The object pictured on this page represents an experiment with Plexiglas that did not quite work out. Dating from the late 1960s, when the Philadelphia Police Department sought greater protection for officers facing angry crowds during street demonstrations, it is a Plexiglas face shield for a police helmet. Police helmets already used Plexiglas face shields, but the city of Philadelphia approached the Rohm and Haas Company to see if it could help develop something that could stop a bullet fired at close range. The Department tested a number of face shields of increasing thickness, and this one finally stopped a bullet. Face shields like this one were never used, however, because they proved impractical in another way: weighing just over three and one half pounds, they were too heavy for officers to carry along with their other equipment. Although the experiment failed, it foreshadowed the subsequent use of Plexiglas and other clear plastics as “bandit barriers” to deter robberies of banks and stores.

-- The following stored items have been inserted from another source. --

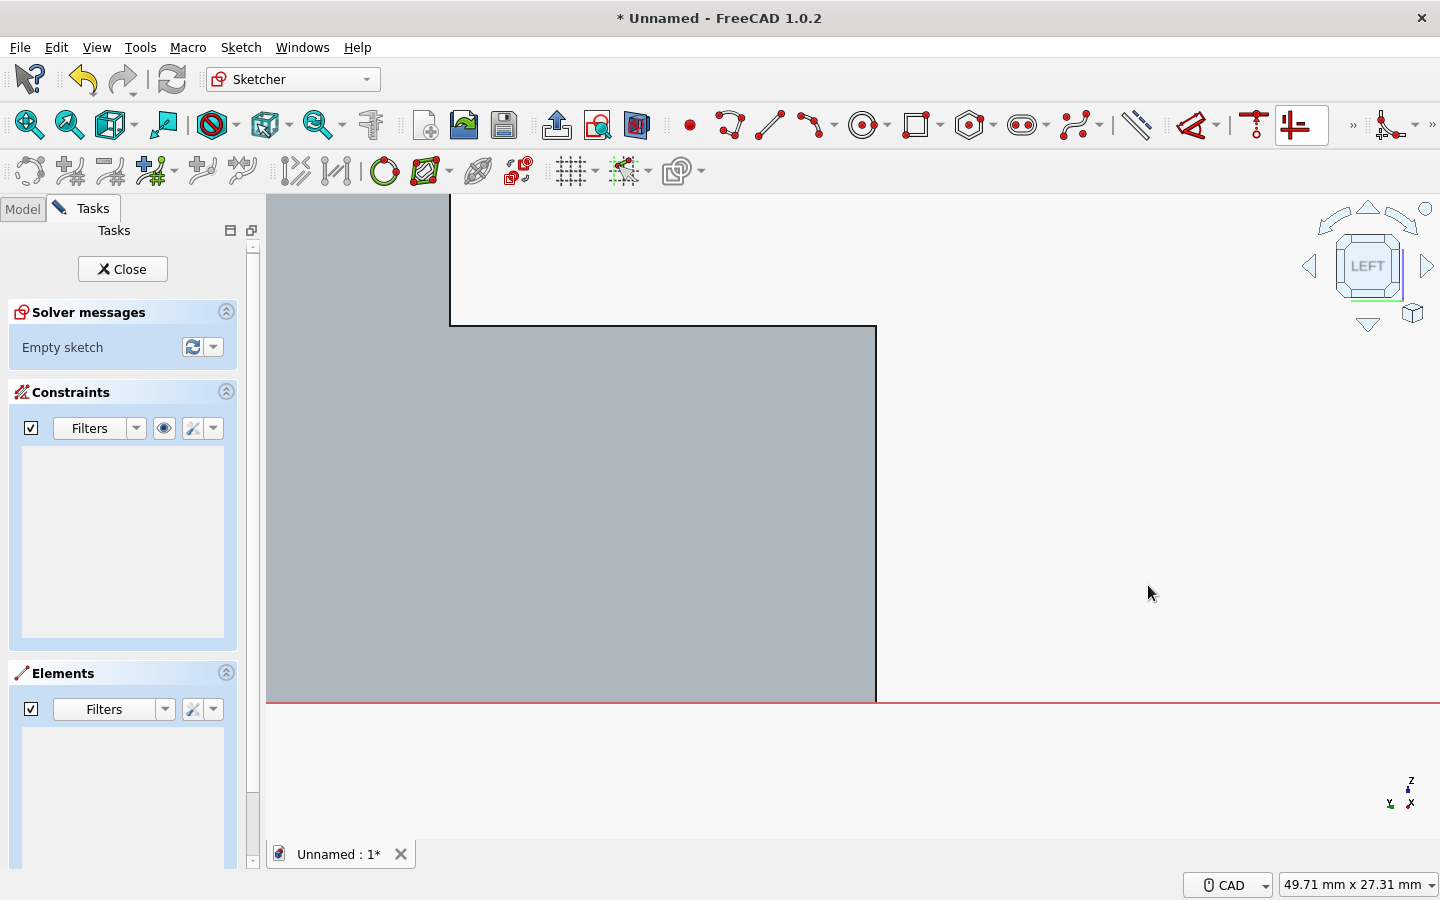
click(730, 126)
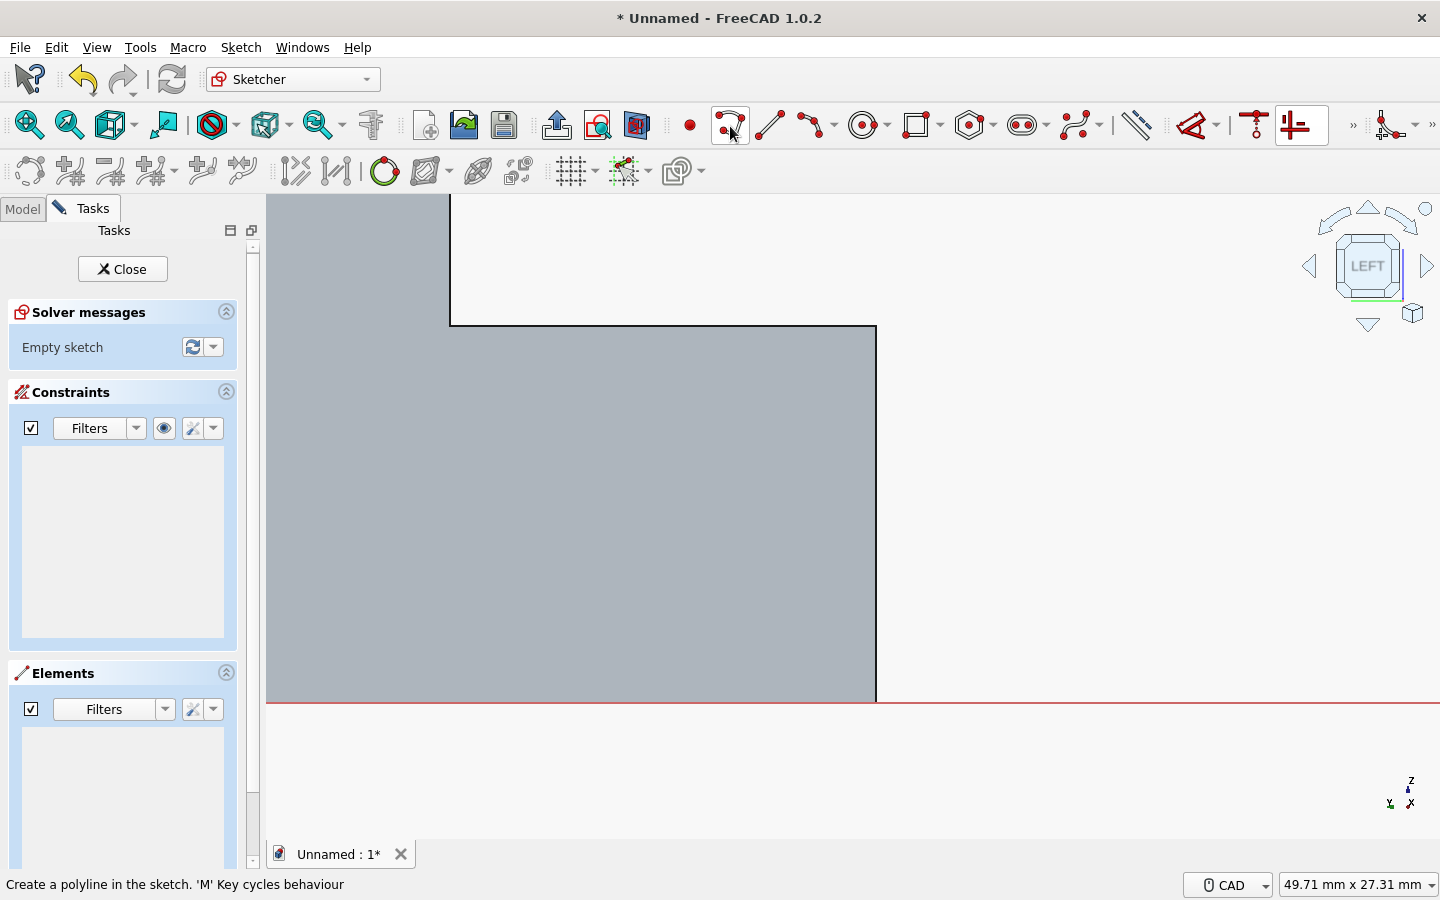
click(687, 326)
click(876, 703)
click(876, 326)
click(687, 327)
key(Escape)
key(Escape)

When the first sheets of clear Plexiglas rolled off the machines in Darmstadt and Bristol, no one knew what its uses would be. Was anyone thinking about jukeboxes in the 1930s, much less bombardier enclosures or millions of back-lit signs? The many uses of Plexiglas developed by Rohm and Haas demonstrated innovation in technology, a hallmark of Philadelphia industry.  The region’s innovators have included such industrialists as saw manufacturer Henry Disston (1898-78), hat-maker John B. Stetson (1830-96), and radio builder A. Atwater Kent (1873-1949).  As they built companies that employed thousands of Philadelphians in the nineteenth and twentieth centuries, like the maker of Plexiglas they each used creative intelligence and technology to develop products that met contemporary needs.

Text by Jeffrey Ray, Senior Curator of the Philadelphia History Museum for 29 years and now retired.  He keeps himself busy teaching at the University of the Arts, Drexel University, and St. Joseph’s University.